Identifying whether the observed f−1 spectrum continues to smaller scales is of great interest because it provides clues to the origin of the observed woodgrain structure; if there turns out to be a spectral break at or near the scaled granulation size, it would imply that the outer-coronal woodgrain is a direct manifestation of the churning magnetic carpet at the photosphere; contrariwise, if there is not, it would lend strength to the idea that intrinsic dynamics of the corona itself give rise to these observed fine scales (e.g., Verdini et al. 2012).

Turning from the origin of the woodgrain to its implications for the state of the outer corona, we note that the inferred electron density variations are quite large, as are the variations in the observed speed across the population of blobs and smaller blob-like inhomogeneities (discussed below). This implies that the solar wind passing through the outer corona is far from homogenized; individual magnetic flux systems may carry different, nearly uncoupled streams of solar wind even as far out as 10–15 R, providing a myriad of possibilities for hydrodynamic or MHD instabilities, including reconnection modes, as described by Matthaeus et al. (1991), to develop and drive local energy release in the outer corona. As a side note, reconnection inside coronal holes in the outer reaches of the corona has been recently invoked by Tenerani et al. (2016) as an explanation for inbound features seen in this altitude range. Our observation of strong inhomogeneity supports that work by showing that suitable conditions exist for small-scale reconnection to occur.

As a touchstone scale, we observed that, at 10 R, many structures subtending ∼0fdg5 of azimuth (∼60 Mm across) appear to be 10× more dense than the average density of the solar wind at that altitude. Scaling with the inferred f−1 power law, the smallest observed structures vary by approximately 2–3× the average solar-wind density. This implies not only a strongly inhomogeneous wind but also a strongly inhomogeneous wave speed. In particular, the Alfvén speed, which varies as ρ−0.5, might be expected to shift by 40%–50% on 20 Mm scales and by a factor of 3 or more on 60 Mm scales. This inhomogeneity strongly affects the nature of the Alfvén surface (Verdini & Velli 2007; Schwadron et al. 2010; DeForest et al. 2014; Cohen 2015), also called the "heliobase," "Alfvén radius," or "Alfvén critical point," which marks the causal boundary between the corona and solar wind.
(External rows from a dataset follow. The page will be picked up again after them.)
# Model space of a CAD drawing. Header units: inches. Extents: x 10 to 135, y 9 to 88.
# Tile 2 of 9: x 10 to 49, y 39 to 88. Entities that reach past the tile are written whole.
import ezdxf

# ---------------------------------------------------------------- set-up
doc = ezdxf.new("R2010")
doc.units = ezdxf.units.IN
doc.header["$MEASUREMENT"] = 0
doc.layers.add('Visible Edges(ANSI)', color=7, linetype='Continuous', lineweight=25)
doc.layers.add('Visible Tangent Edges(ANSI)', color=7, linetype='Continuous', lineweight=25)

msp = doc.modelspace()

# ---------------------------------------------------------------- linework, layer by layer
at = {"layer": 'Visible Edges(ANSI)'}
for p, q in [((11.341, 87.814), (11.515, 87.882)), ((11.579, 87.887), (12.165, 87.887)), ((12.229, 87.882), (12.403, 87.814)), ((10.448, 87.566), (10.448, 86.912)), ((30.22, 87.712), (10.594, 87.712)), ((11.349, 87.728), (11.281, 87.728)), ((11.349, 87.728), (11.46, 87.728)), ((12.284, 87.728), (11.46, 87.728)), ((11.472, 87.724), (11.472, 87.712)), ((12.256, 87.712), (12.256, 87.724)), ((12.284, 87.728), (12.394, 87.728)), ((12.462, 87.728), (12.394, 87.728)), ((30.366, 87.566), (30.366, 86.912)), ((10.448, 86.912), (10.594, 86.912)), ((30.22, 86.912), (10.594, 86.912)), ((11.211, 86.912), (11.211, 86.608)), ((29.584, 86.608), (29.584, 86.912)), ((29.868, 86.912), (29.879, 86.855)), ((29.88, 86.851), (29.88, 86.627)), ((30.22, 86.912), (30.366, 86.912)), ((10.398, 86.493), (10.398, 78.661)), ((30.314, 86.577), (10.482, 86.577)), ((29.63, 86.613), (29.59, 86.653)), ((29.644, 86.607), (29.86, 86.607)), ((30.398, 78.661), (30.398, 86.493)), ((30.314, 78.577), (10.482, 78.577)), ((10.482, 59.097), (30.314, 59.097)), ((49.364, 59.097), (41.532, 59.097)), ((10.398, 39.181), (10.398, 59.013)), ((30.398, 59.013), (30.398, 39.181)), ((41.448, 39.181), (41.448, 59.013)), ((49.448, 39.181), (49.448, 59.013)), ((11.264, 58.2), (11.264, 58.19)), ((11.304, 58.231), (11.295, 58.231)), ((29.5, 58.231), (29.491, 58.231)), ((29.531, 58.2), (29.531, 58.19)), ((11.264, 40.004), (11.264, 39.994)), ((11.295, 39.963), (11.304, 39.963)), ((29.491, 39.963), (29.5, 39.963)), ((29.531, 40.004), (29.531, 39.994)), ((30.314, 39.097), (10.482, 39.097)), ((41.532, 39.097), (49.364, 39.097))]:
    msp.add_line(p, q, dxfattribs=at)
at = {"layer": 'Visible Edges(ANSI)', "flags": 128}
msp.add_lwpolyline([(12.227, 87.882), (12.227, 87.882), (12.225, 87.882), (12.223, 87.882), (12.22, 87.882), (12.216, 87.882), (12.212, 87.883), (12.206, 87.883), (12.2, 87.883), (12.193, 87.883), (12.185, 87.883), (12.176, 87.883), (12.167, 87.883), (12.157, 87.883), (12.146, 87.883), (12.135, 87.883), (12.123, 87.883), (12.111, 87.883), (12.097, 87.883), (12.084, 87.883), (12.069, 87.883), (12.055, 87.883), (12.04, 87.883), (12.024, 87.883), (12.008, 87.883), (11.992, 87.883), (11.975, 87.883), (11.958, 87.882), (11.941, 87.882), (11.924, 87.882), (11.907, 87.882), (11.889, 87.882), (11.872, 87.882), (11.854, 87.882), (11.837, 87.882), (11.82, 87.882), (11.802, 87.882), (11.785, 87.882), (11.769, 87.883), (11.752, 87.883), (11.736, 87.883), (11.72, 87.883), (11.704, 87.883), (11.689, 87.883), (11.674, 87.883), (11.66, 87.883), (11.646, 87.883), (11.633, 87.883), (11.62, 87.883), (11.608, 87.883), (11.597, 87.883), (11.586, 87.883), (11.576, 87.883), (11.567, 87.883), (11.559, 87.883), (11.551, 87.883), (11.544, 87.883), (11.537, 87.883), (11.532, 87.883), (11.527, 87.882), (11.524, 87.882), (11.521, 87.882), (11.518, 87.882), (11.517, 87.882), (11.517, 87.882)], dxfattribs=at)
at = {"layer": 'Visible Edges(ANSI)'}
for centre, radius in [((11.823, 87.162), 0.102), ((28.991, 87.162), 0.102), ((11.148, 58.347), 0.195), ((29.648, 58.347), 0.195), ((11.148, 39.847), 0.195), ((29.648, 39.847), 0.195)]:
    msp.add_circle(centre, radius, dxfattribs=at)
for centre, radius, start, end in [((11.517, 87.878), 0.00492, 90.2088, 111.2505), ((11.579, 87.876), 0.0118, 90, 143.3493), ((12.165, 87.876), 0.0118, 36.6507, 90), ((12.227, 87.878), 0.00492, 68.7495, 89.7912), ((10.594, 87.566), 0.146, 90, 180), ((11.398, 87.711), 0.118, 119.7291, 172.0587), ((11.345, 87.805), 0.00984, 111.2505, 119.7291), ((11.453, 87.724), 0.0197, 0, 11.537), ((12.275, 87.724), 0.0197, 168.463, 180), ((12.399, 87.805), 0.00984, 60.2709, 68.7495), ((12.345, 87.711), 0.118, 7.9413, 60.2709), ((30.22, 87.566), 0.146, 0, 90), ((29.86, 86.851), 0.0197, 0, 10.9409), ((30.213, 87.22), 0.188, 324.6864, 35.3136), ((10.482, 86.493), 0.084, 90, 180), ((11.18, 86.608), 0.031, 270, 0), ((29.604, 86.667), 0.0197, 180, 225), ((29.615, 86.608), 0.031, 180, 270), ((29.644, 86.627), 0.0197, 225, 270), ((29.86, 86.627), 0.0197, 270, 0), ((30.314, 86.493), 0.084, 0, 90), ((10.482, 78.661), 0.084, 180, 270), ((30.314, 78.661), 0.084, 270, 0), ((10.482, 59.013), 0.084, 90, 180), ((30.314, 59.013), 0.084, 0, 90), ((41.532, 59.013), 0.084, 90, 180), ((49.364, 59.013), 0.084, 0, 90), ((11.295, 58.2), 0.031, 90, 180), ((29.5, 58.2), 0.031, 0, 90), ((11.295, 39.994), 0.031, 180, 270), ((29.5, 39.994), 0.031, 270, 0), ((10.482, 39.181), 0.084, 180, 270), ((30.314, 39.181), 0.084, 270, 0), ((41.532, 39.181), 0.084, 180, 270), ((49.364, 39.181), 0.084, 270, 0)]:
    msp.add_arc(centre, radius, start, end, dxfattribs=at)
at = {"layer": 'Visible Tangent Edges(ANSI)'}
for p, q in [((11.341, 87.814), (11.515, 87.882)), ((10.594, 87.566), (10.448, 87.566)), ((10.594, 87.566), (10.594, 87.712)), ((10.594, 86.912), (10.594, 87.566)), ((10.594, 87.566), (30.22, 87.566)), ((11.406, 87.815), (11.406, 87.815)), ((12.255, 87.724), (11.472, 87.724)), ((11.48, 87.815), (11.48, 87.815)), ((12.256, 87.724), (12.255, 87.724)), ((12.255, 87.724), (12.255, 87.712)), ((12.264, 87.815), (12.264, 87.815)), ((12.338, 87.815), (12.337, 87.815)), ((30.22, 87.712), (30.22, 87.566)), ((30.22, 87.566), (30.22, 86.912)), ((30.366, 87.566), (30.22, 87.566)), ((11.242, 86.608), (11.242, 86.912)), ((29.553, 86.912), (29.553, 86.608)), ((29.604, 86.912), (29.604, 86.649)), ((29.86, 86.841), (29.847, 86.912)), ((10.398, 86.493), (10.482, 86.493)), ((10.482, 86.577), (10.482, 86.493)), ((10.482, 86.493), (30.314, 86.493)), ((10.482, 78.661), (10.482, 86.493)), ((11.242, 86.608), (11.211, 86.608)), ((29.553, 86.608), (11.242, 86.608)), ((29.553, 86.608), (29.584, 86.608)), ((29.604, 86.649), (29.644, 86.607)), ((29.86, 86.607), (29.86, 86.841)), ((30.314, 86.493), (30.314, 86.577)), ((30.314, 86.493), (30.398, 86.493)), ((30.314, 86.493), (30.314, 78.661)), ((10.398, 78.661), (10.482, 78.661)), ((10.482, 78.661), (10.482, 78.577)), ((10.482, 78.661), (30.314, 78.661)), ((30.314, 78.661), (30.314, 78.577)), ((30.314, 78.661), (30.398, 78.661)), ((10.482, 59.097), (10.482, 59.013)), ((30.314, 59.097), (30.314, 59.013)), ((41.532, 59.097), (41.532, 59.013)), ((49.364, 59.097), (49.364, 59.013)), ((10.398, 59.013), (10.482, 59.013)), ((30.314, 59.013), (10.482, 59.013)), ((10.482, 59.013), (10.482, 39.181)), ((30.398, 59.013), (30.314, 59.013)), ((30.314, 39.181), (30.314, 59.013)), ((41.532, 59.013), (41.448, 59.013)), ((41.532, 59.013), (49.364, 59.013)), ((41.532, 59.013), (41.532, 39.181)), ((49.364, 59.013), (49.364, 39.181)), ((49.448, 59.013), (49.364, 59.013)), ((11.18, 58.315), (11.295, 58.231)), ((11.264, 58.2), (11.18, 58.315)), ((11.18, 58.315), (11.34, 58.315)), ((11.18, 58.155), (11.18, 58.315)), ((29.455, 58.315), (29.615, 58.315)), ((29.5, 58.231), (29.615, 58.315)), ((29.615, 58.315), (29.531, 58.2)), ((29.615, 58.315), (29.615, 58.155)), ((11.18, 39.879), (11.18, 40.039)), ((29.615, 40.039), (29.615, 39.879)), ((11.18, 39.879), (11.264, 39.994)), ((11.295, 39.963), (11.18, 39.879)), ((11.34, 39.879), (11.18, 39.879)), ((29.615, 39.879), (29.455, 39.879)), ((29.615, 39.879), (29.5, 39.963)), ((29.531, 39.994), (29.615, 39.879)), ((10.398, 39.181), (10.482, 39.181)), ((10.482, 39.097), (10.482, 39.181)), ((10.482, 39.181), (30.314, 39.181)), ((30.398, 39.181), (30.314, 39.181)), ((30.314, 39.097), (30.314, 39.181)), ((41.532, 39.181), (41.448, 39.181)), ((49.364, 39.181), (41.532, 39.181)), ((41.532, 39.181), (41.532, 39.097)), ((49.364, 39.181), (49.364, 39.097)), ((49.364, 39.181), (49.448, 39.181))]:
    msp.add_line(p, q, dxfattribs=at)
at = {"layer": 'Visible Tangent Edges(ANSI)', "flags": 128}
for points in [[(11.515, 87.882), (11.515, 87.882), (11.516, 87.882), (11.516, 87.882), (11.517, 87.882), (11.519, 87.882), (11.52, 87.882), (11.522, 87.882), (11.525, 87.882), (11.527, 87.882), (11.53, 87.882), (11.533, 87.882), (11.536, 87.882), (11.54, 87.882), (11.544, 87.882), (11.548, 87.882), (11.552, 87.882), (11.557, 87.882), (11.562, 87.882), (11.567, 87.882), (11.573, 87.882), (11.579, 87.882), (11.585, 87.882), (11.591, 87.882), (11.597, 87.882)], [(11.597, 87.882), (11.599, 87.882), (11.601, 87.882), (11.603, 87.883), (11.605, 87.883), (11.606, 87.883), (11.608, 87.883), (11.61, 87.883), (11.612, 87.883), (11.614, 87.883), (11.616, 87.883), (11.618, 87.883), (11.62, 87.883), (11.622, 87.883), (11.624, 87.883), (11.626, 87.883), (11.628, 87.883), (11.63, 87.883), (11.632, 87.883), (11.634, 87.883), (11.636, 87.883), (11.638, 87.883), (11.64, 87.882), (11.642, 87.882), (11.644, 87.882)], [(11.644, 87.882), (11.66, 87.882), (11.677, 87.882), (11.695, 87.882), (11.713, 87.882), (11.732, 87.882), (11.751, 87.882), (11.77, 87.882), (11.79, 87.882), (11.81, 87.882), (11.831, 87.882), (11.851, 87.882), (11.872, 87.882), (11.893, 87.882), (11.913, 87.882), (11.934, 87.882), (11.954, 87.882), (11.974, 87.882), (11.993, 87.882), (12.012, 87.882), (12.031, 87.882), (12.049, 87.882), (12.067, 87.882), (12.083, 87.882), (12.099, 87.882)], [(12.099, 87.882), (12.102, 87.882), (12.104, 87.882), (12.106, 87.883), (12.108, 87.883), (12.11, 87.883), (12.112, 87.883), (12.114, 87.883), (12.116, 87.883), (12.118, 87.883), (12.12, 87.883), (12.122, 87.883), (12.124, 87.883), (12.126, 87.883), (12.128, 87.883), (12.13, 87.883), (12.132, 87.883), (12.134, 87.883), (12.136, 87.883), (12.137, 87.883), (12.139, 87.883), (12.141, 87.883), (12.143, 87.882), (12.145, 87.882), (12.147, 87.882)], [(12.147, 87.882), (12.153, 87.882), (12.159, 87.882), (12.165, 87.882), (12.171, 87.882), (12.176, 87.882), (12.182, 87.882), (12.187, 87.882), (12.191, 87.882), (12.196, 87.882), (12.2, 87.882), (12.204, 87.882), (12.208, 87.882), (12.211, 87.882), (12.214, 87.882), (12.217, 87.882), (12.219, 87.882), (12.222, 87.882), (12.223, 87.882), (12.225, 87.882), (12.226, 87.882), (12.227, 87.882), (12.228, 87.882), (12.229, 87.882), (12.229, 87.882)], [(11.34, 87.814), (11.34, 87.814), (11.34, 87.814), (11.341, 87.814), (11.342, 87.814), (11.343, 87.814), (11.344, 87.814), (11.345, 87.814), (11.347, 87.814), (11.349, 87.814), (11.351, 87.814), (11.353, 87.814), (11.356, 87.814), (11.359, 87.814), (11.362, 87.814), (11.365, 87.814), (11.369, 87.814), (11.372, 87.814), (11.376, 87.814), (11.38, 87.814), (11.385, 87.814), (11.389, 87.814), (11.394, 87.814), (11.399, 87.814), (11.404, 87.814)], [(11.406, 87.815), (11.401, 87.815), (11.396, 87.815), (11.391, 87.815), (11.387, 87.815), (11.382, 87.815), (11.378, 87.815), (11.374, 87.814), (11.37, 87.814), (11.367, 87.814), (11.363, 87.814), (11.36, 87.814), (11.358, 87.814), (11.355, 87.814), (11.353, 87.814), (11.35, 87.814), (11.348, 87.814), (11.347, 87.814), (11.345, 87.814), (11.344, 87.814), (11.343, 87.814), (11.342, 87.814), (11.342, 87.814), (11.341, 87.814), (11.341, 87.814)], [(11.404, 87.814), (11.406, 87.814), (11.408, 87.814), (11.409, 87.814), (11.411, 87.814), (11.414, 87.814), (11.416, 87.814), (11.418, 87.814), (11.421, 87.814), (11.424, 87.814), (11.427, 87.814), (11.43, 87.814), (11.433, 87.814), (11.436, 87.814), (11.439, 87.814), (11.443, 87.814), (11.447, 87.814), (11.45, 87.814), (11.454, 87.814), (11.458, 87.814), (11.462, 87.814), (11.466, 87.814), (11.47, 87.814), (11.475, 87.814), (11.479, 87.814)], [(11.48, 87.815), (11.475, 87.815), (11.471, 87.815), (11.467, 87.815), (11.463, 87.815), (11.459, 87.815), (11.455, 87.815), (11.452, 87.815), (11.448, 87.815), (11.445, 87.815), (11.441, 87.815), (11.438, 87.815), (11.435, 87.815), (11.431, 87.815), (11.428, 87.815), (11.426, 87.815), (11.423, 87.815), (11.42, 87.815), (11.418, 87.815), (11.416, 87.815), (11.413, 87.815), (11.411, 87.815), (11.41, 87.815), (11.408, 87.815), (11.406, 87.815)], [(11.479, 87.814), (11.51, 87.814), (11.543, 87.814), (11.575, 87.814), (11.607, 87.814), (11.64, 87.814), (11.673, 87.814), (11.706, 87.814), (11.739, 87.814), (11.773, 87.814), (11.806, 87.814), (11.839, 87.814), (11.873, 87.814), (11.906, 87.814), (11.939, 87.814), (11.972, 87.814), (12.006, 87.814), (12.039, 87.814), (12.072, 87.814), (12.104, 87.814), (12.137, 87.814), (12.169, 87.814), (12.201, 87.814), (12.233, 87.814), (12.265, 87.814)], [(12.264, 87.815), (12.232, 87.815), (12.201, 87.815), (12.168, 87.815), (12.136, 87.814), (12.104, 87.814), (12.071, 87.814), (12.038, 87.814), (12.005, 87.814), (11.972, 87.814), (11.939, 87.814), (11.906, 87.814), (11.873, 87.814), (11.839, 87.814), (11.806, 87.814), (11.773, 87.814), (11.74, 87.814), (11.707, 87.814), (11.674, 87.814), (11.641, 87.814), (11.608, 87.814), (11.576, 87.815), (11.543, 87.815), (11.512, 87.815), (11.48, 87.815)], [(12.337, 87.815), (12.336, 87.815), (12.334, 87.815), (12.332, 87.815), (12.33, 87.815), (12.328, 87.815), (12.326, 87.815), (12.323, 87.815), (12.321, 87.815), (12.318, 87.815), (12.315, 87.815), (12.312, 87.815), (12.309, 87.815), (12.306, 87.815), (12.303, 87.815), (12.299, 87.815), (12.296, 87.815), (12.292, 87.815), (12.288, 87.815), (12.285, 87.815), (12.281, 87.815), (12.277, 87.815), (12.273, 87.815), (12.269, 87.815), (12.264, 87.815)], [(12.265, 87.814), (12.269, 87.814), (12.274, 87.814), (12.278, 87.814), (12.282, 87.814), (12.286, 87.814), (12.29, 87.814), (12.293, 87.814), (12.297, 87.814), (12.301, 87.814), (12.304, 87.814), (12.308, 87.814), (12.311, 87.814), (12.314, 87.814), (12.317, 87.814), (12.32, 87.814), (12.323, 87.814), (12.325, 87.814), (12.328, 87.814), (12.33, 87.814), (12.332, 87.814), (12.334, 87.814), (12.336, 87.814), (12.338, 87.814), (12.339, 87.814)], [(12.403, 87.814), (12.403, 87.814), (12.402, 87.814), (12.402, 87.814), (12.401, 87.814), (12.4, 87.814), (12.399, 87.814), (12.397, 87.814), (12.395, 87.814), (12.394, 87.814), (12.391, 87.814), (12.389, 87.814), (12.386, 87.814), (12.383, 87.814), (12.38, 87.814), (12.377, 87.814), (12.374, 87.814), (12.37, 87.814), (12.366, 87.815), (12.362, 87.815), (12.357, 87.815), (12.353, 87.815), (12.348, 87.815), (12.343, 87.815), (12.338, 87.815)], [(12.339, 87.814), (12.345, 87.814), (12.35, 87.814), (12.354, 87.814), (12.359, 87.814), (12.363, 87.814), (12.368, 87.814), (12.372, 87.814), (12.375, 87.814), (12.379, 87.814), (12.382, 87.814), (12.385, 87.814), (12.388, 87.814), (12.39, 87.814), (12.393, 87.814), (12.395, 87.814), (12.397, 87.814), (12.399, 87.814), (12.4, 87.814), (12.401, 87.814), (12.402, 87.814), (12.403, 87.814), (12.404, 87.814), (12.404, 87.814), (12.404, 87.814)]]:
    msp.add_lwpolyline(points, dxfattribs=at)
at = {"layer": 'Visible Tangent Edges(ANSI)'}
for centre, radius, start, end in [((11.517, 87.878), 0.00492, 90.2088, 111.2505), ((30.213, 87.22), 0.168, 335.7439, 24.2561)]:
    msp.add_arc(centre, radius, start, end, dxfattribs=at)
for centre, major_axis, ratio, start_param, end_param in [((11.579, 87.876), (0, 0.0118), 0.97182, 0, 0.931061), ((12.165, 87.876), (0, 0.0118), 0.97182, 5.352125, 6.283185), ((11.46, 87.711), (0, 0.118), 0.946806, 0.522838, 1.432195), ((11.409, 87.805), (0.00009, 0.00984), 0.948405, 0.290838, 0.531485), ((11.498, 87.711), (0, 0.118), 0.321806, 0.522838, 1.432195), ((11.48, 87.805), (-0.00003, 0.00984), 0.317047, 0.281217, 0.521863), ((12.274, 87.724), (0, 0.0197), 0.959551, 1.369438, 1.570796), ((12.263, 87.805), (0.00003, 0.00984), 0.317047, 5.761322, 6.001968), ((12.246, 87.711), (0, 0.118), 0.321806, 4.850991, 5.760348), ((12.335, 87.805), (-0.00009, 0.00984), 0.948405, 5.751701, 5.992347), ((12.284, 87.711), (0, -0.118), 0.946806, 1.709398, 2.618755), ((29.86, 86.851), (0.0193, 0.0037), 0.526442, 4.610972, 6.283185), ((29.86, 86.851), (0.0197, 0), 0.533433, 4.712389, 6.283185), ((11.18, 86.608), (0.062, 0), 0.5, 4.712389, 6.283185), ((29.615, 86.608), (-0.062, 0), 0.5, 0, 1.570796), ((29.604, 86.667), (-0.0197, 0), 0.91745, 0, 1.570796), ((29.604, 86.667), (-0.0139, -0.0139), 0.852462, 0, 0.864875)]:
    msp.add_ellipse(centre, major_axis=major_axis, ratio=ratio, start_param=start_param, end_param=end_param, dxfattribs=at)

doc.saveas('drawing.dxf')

In the presence of large, fine-scale inhomogeneities in both the Alfvén speed and the wind speed, the critical transition from sub-Alfvénic to super-Alfvénic flow does not happen at a well-defined, smoothly varying radius—or, indeed, at any particular radius at all. Specifically, in the presence of large variations in wave speed, long-wavelength Alfvén and/or fast-mode waves must propagate at the spatially averaged wave speed in their vicinity, while shorter-wavelength waves may propagate inward through smaller loci where the wave speed is high, even though long-wavelength waves are advected outward by what, to them, is a super-Alfvénic flow. This adds further richness and nuance to the already very complicated physics of MHD wave-plasma interaction in the critical outermost zone of the corona. However the microphysics and other nuances play out, it is clear that there can be no smooth, well-defined, clean Alfvén-surface boundary. Rather, one should speak of an "Alfvén zone" in which each packet of solar-wind plasma separates gradually from the corona rather than passing through a clean "MHD event horizon." Further experimental understanding of this zone, and exploration of its consequences, will require a combination of still-deeper exposures of the outer corona, possibly from a coronagraph mission specifically designed for this purpose, and in situ measurement of the actual wave and flow speeds in the outer corona, from the upcoming Parker Solar Probe mission.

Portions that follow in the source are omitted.